### Dataset records
Segment Open
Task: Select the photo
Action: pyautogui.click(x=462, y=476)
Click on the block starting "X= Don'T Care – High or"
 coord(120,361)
Segment Closed
Segment Open
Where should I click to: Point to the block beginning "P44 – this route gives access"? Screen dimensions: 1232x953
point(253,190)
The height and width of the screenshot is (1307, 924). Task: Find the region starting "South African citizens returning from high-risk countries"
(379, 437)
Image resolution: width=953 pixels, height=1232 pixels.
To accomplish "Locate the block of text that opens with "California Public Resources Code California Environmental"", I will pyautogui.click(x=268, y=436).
Segment Closed
### About this exercise
Look above for the line with "Where should I" and the line with "Image resolution: width=953"; transcribe both and all lines in between, exactly, and nothing else.

### Answer
Where should I click to: Point to the block beginning "P44 – this route gives access"? Screen dimensions: 1232x953
point(253,190)
The height and width of the screenshot is (1307, 924). Task: Find the region starting "South African citizens returning from high-risk countries"
(379, 437)
Image resolution: width=953 pixels, height=1232 pixels.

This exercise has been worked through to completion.